Background: Successive severe acute respiratory syndrome coronavirus 2 (SARS-CoV-2) variants have caused severe disease in long-term care facility (LTCF) residents. Primary vaccination provides strong short-term protection, but data are limited on duration of protection following booster vaccines, particularly against the Omicron variant.
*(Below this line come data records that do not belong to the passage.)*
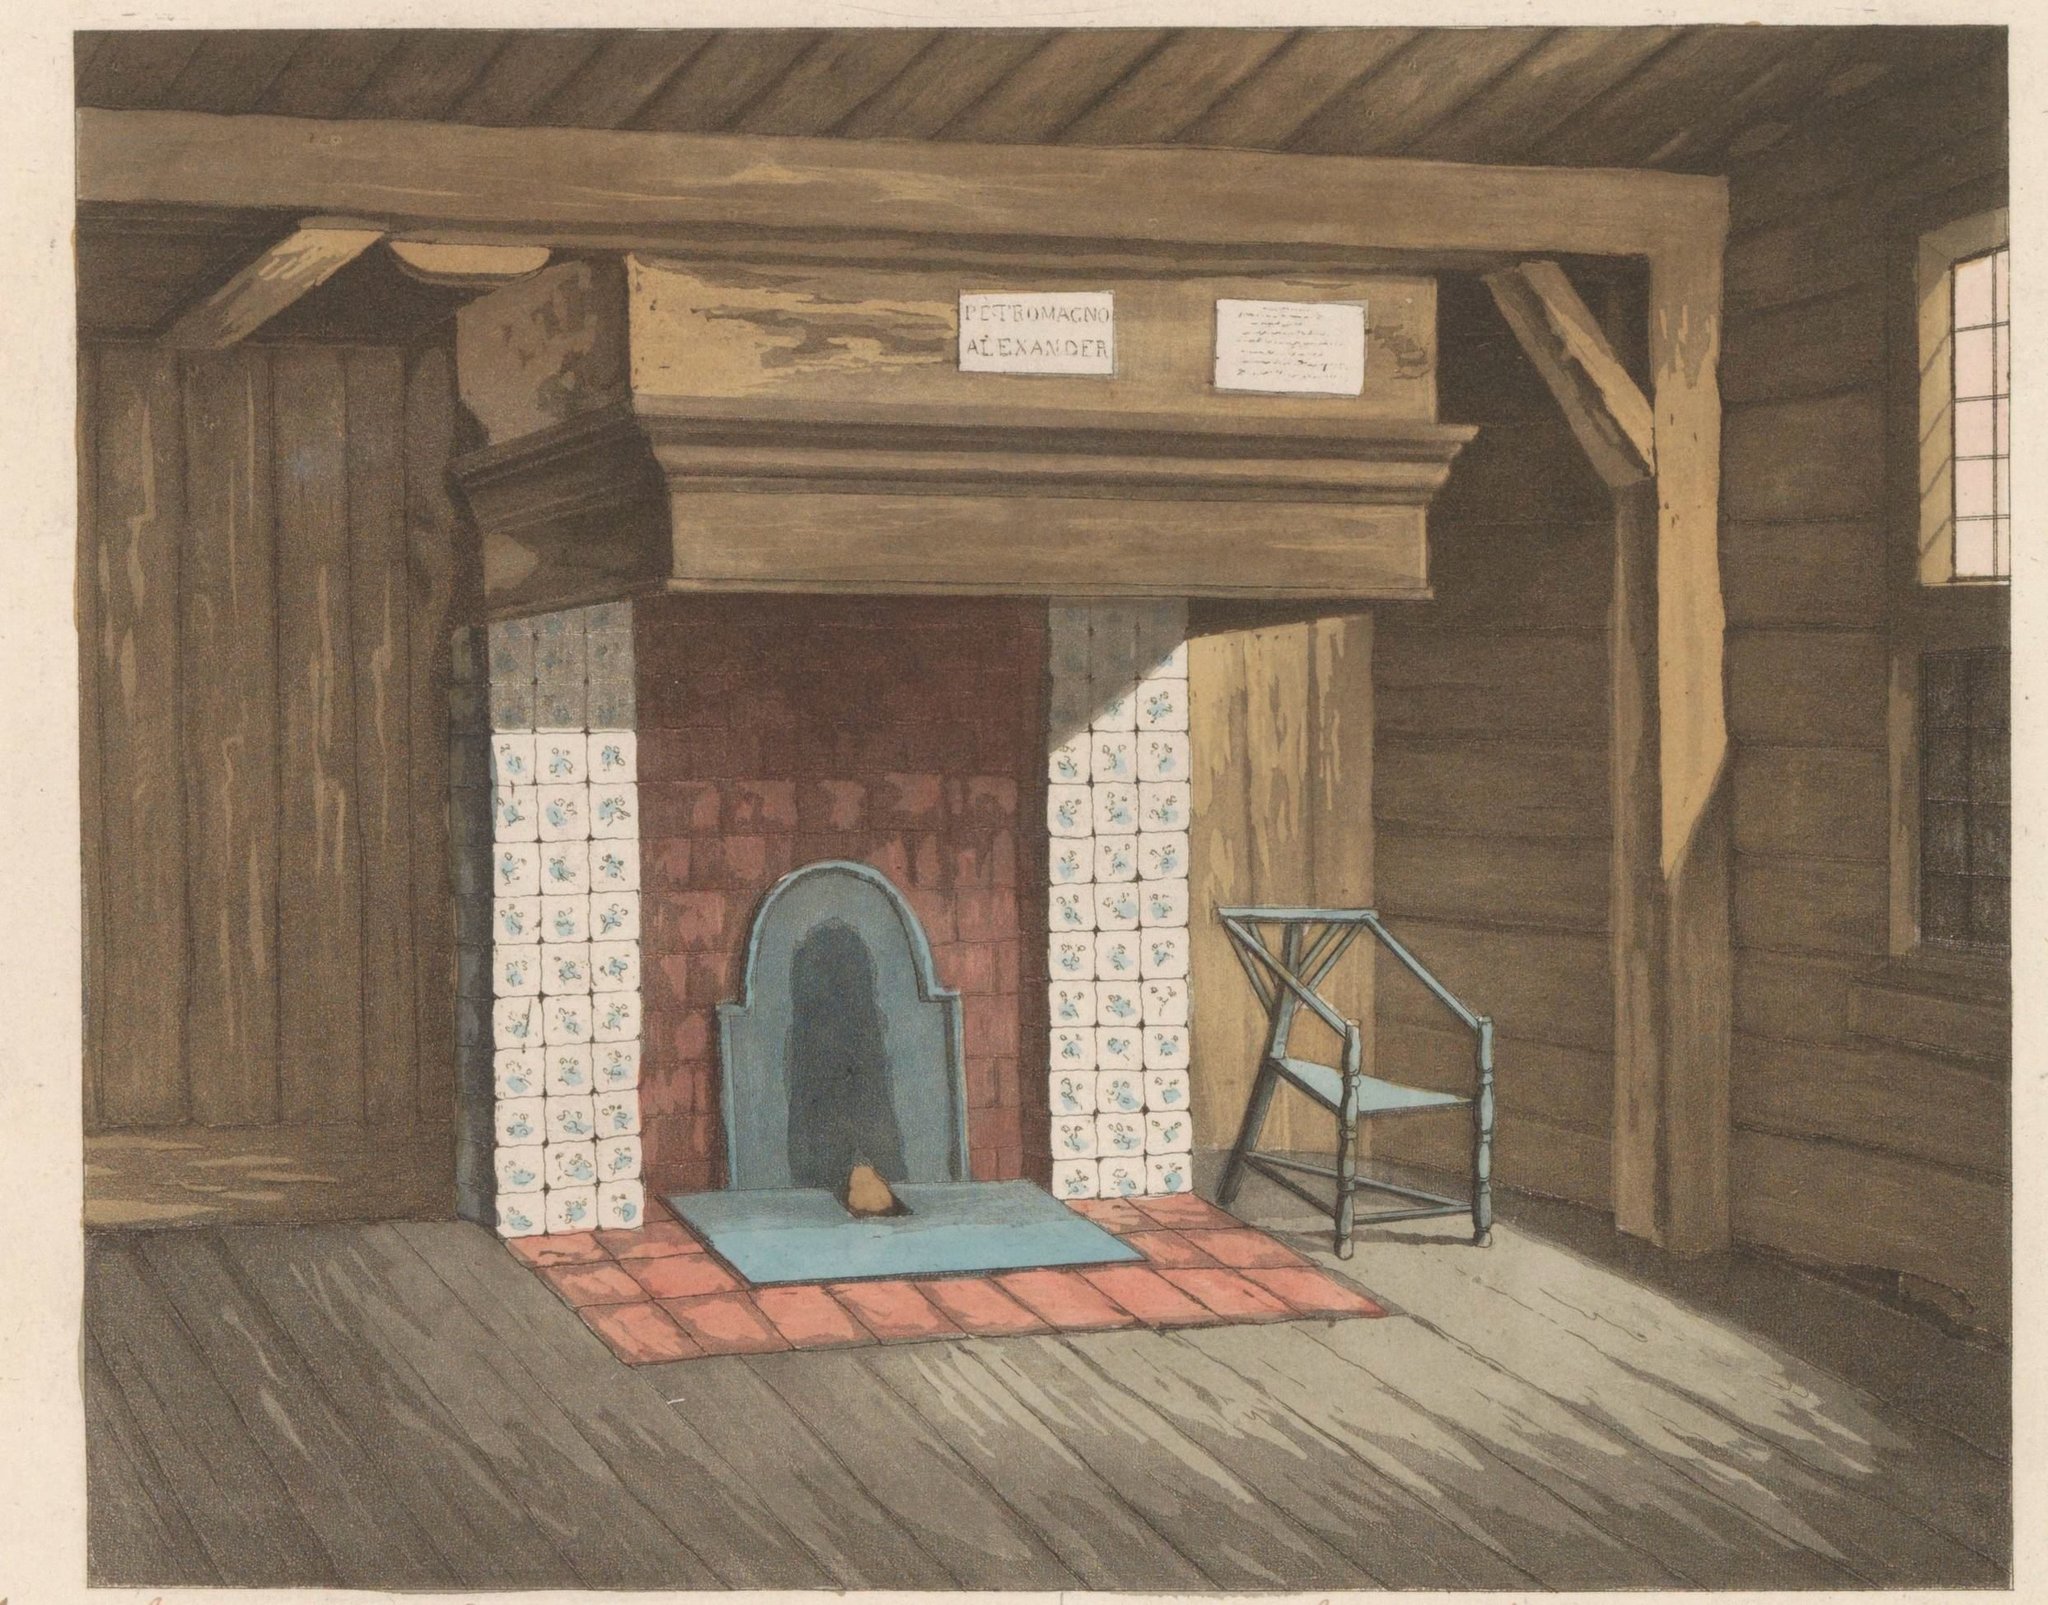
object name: print
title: Het huisje bewoond door Czaar peeter de groten te Zaandam in het Jaar 1697 (...) - La maisonnette habitée par le Czar pierre le grand à Zaandam (...)
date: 1824-1825
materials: paper
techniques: aquatint, etching, hand coloring
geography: amsterdam
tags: peter i de grote (tsaar van rusland)
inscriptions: inscription: ‘chez E: Maaskamp à Amsterdam’
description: Interieur van Tsaar Peterhuisje te Zaandam naar de scheepstimmerwerf, ca. 1824-1825. Onderdeel van een plaatwerk uit ca. 1824-1825 met 74 (ongenummerde) platen van de belangrijkste topografische gezichten en verschillende zeden en gewoonten in het Verenigd Koninkrijk der Nederlanden.

We investigated the effectiveness of booster vaccination against infections, hospitalizations, and deaths among LTCF residents and staff in England. Methods: We included residents and staff of LTCFs within the VIVALDI study (ISRCTN 14447421) who underwent routine, asymptomatic testing (December 12, 2021–March 31, 2022). Cox regression was used to estimate relative hazards of SARS-CoV-2 infection, and associated hospitalization and death at 0–13, 14–48, 49–83, 84–111, 112–139, and 140+ days after dose 3 of SARS-CoV-2 vaccination compared with 2 doses (after 84+ days), stratified by previous SARS-CoV-2 infection and adjusting for age, sex, LTCF capacity, and local SARS-CoV-2 incidence. Results: A total of 14 175 residents and 19 793 staff were included. In residents without prior SARS-CoV-2 infection, infection risk was reduced 0–111 days after the first booster, but no protection was apparent after 112 days. Additional protection following booster vaccination waned but was still present at 140+ days for COVID-associated hospitalization (adjusted hazard ratio [aHR], 0.20; 95% CI, 0.06–0.63) and death (aHR, 0.50; 95% CI, 0.20–1.27). Most residents (64.4%) had received primary course vaccine of AstraZeneca, but this did not impact pre- or postbooster risk. Staff showed a similar pattern of waning booster effectiveness against infection, with few hospitalizations and no deaths. Conclusions: Our findings suggest that booster vaccination provided sustained protection against severe outcomes following infection with the Omicron variant, but no protection against infection from 4 months onwards. Ongoing surveillance for SARS-CoV-2 in LTCFs is crucial.

Type: Article
Title: Clinical effectiveness of SARS-CoV-2 booster vaccine against Omicron infection in residents and staff of Long-Term Care Facilities: a prospective cohort study (VIVALDI)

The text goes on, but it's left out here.